His father’s death in July 1858 made it necessary for Carrington to take over the management of the brewery and prevented his further personal participation in this program; the continual pressure of the business subsequently caused him to abandon the project altogether. His Observations of the Spots on the Sun From Novi 9, 1853, to March 24, 1861, Made at Redhill, a ponderous quarto volume, was published in 1863 with the aid of Royal Society funds. Despite his devotion to the above-mentioned tasks, Carrington took time to travel, although his motives for doing so were inevitably linked to his astronomical interests. As a young man of twenty-five he went from Durham to the small town of Lilia Edet in Sweden to observe a total solar eclipse; he described this experience in an Admiralty pamphlet printed and circulated in May 1858 to those who might be in South America to witness a similar eclipse later that year. After a second visit to the Continent in 1856, he drew up a valuable report on the condition of a number of German observatories (Monthly Notices of the Royal Astronomical Society, 17). He made a number of other contributions to the Monthly Notices, including three articles on the motions and distribution of sunspots and another on the distribution of cometary orbits with regard to the direction of solar motion. He also described a solar flare that he had observed for a few minutes on 1 September 1859, a phenomenon which at that time was quite unknown.
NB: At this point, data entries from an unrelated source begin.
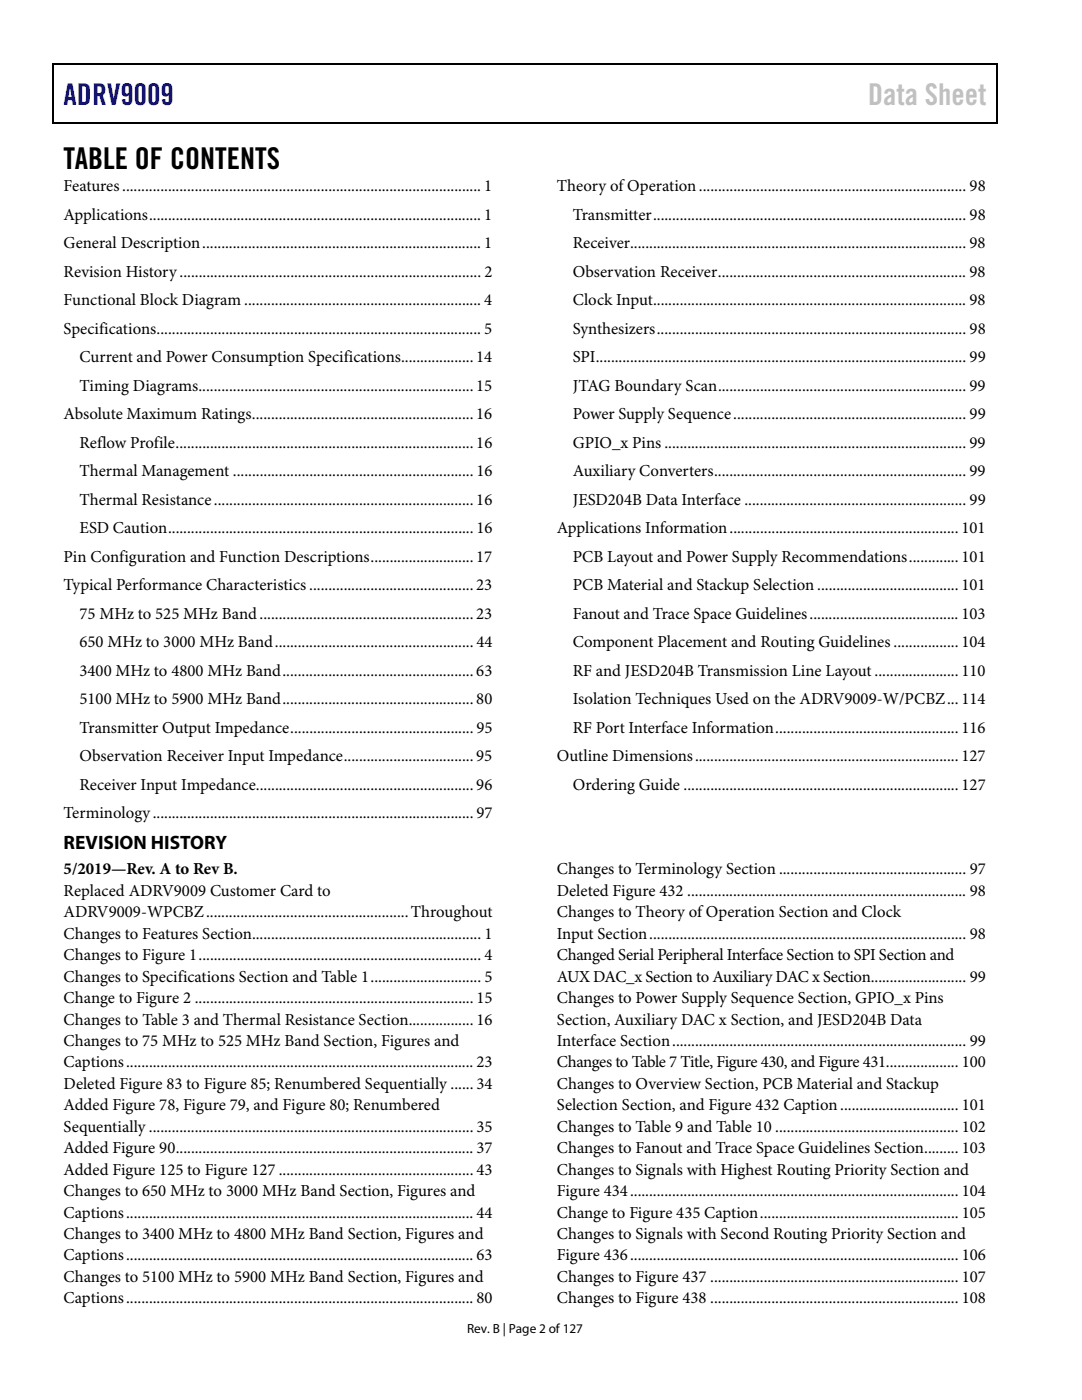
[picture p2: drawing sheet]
<svg xmlns="http://www.w3.org/2000/svg" width="216mm" height="279mm" viewBox="0 0 216 279" stroke-linecap="round" stroke-linejoin="round" font-family="sans-serif">
<defs><g id="words">
<text font-size="6" fill="#00f" x="12.7" y="21">ADRV9009</text>
<text font-size="6" fill="#c0c0c0" x="173.2" y="21">Data Sheet</text>
<text font-size="6" x="12.7" y="33.6">TABLE OF CONTENTS</text>
<text font-size="3.9" x="12.7" y="169.4">REVISION HISTORY</text>
<g font-size="3.3">
<text x="12.7" y="38.1">Features .............................................................................................. 1</text>
<text x="111.1" y="38.1">Theory of Operation ...................................................................... 98</text>
<text x="12.7" y="43.8">Applications ....................................................................................... 1</text>
<text x="114.3" y="43.8">Transmitter .................................................................................. 98</text>
<text x="12.7" y="49.5">General Description ......................................................................... 1</text>
<text x="114.3" y="49.5">Receiver........................................................................................ 98</text>
<text x="12.7" y="55.2">Revision History ............................................................................... 2</text>
<text x="114.3" y="55.2">Observation Receiver ................................................................. 98</text>
<text x="12.7" y="60.9">Functional Block Diagram .............................................................. 4</text>
<text x="114.3" y="60.9">Clock Input .................................................................................. 98</text>
<text x="12.7" y="66.6">Specifications ..................................................................................... 5</text>
<text x="114.3" y="66.6">Synthesizers ................................................................................. 98</text>
<text x="15.9" y="72.3">Current and Power Consumption Specifications ................... 14</text>
<text x="15.9" y="78">Timing Diagrams ........................................................................ 15</text>
<text x="114.3" y="72.3">SPI ................................................................................................. 99</text>
<text x="114.3" y="78">JTAG Boundary Scan ................................................................. 99</text>
<text x="12.7" y="83.7">Absolute Maximum Ratings .......................................................... 16</text>
<text x="114.3" y="83.7">Power Supply Sequence ............................................................. 99</text>
<text x="15.9" y="89.3">Reflow Profile .............................................................................. 16</text>
<text x="114.3" y="89.3">GPIO_x Pins ............................................................................... 99</text>
<text x="15.9" y="95">Thermal Management ............................................................... 16</text>
<text x="114.3" y="95">Auxiliary Converters .................................................................. 99</text>
<text x="15.9" y="100.7">Thermal Resistance .................................................................... 16</text>
<text x="114.3" y="100.7">JESD204B Data Interface .......................................................... 99</text>
<text x="15.9" y="106.4">ESD Caution ................................................................................ 16</text>
<text x="111.1" y="106.4">Applications Information ............................................................ 101</text>
<text x="12.7" y="112.1">Pin Configuration and Function Descriptions ........................... 17</text>
<text x="114.3" y="112.1">PCB Layout and Power Supply Recommendations ............. 101</text>
<text x="12.7" y="117.8">Typical Performance Characteristics ........................................... 23</text>
<text x="114.3" y="117.8">PCB Material and Stackup Selection ..................................... 101</text>
<text x="15.9" y="123.5">75 MHz to 525 MHz Band ........................................................ 23</text>
<text x="114.3" y="123.5">Fanout and Trace Space Guidelines ....................................... 103</text>
<text x="15.9" y="129.2">650 MHz to 3000 MHz Band .................................................... 44</text>
<text x="114.3" y="129.2">Component Placement and Routing Guidelines ................. 104</text>
<text x="15.9" y="134.9">3400 MHz to 4800 MHz Band .................................................. 63</text>
<text x="114.3" y="134.9">RF and JESD204B Transmission Line Layout ...................... 110</text>
<text x="15.9" y="140.5">5100 MHz to 5900 MHz Band .................................................. 80</text>
<text x="114.3" y="140.5">Isolation Techniques Used on the ADRV9009-W/PCBZ ... 114</text>
<text x="15.9" y="146.2">Transmitter Output Impedance ................................................ 95</text>
<text x="114.3" y="146.2">RF Port Interface Information ................................................ 116</text>
<text x="15.9" y="151.9">Observation Receiver Input Impedance .................................. 95</text>
<text x="111.1" y="151.9">Outline Dimensions ..................................................................... 127</text>
<text x="15.9" y="157.6">Receiver Input Impedance......................................................... 96</text>
<text x="114.3" y="157.6">Ordering Guide ........................................................................ 127</text>
<text x="12.7" y="163.3">Terminology .................................................................................... 97</text>
<text x="12.7" y="174.5">5/2019—Rev. A to Rev B.</text>
<text x="12.7" y="178.8">Replaced ADRV9009 Customer Card to</text>
<text x="111.1" y="174.5">Changes to Terminology Section ................................................. 97</text>
<text x="111.1" y="178.8">Deleted Figure 432 ......................................................................... 98</text>
<text x="12.7" y="183.1">ADRV9009-WPCBZ ..................................................... Throughout</text>
<text x="111.1" y="183.1">Changes to Theory of Operation Section and Clock</text>
<text x="12.7" y="187.3">Changes to Features Section............................................................ 1</text>
<text x="12.7" y="191.6">Changes to Figure 1 .......................................................................... 4</text>
<text x="111.1" y="187.3">Input Section ................................................................................... 98</text>
<text x="111.1" y="191.6">Changed Serial Peripheral Interface Section to SPI Section and</text>
<text x="12.7" y="195.9">Changes to Specifications Section and Table 1 ............................. 5</text>
<text x="111.1" y="195.9">AUX DAC_x Section to Auxiliary DAC x Section ......................... 99</text>
<text x="12.7" y="200.2">Change to Figure 2 ......................................................................... 15</text>
<text x="111.1" y="200.2">Changes to Power Supply Sequence Section, GPIO_x Pins</text>
<text x="12.7" y="204.5">Changes to Table 3 and Thermal Resistance Section ................. 16</text>
<text x="12.7" y="208.7">Changes to 75 MHz to 525 MHz Band Section, Figures and</text>
<text x="111.1" y="204.5">Section, Auxiliary DAC x Section, and JESD204B Data</text>
<text x="111.1" y="208.7">Interface Section ............................................................................. 99</text>
<text x="12.7" y="213">Captions ........................................................................................... 23</text>
<text x="111.1" y="213">Changes to Table 7 Title, Figure 430, and Figure 431................... 100</text>
<text x="12.7" y="217.3">Deleted Figure 83 to Figure 85; Renumbered Sequentially ...... 34</text>
<text x="12.7" y="221.6">Added Figure 78, Figure 79, and Figure 80; Renumbered</text>
<text x="111.1" y="217.3">Changes to Overview Section, PCB Material and Stackup</text>
<text x="111.1" y="221.6">Selection Section, and Figure 432 Caption ............................... 101</text>
<text x="12.7" y="225.9">Sequentially ..................................................................................... 35</text>
<text x="111.1" y="225.9">Changes to Table 9 and Table 10 ................................................ 102</text>
<text x="12.7" y="230.1">Added Figure 90 .............................................................................. 37</text>
<text x="111.1" y="230.1">Changes to Fanout and Trace Space Guidelines Section ......... 103</text>
<text x="12.7" y="234.4">Added Figure 125 to Figure 127 ................................................... 43</text>
<text x="12.7" y="238.7">Changes to 650 MHz to 3000 MHz Band Section, Figures and</text>
<text x="111.1" y="234.4">Changes to Signals with Highest Routing Priority Section and</text>
<text x="111.1" y="238.7">Figure 434 ...................................................................................... 104</text>
<text x="12.7" y="243">Captions ........................................................................................... 44</text>
<text x="111.1" y="243">Change to Figure 435 Caption .................................................... 105</text>
<text x="12.7" y="247.3">Changes to 3400 MHz to 4800 MHz Band Section, Figures and</text>
<text x="12.7" y="251.5">Captions ........................................................................................... 63</text>
<text x="111.1" y="247.3">Changes to Signals with Second Routing Priority Section and</text>
<text x="111.1" y="251.5">Figure 436 ...................................................................................... 106</text>
<text x="12.7" y="255.8">Changes to 5100 MHz to 5900 MHz Band Section, Figures and</text>
<text x="111.1" y="255.8">Changes to Figure 437 ................................................................. 107</text>
<text x="12.7" y="260.1">Captions ........................................................................................... 80</text>
<text x="111.1" y="260.1">Changes to Figure 438 ................................................................. 108</text>
</g>
<text font-size="2.6" x="93.2" y="266">Rev. B | Page 2 of 127</text>
</g></defs>
<path d="M10.5 12.7h.3v1h-.3zM198.8 12.7h.2v1h-.2zM198.8 12.7h.2v.3h-.2zM198.8 24.4h.2v.3h-.2z" fill="#000"/>
<path d="M10.5 12.8h188.3M10.7 13.7v11M198.9 13.7v11M10.5 24.5h188.3" fill="none" stroke="#000" stroke-width=".25"/>
<use href="#words"/>
</svg>

In a letter to the vice-chancellor of Cambridge, dated 13 April 1861, Carrington claims to have visited and carefully inspected, and considered the construction and adaptation of, many of the leading Continental observatories; all of those in England, Scotland, and Ireland; and very many private establishments at home and abroad. Moreover, he knew nearly all the opticians and their works and nearly all the observers, and was unusually familiar with materials and construction of both buildings and instruments. The failure of his bid for the directorship of the Cambridge Observatory on the occasion of Challis’ resignation came as a great blow to him; indeed, judging from a comment in a letter to John Herschel written five weeks earlier, it would appear to have been directly responsible for his decision to sell the Redhill observatory about this time. Nevertheless, Carrington was unable to suppress his love for astronomy and was soon contemplating the prospect of going to Chile to observe the stars in the neighborhood of the south celestial pole; however, a severe illness in 1865 left his health permanently impaired and this plan never materialized. Instead, he disposed of his brewery and retired from business to Churt, Surrey, where he established a new observatory on top of an isolated conical hill in a lonely and picturesque spot known as the Middle Devil’s Jump.
Carrington died at his home on 27 November 1875, apparently as the result of a brain hemorrhage, only ten days after his wife Rosa had been found dead in bed after taking an overdose of chloral hydrate. In his will Carrington left £2,000 to the Royal Astronomical Society, with which he had been actively associated for nearly half his lifetime and which he had served so conscientiously as secretary from 1857 to 1862.
It is known that Carrington had a wife, named Rosa, who died ten days prior to him, in her bed, after taking an overdose of chloral hydrate.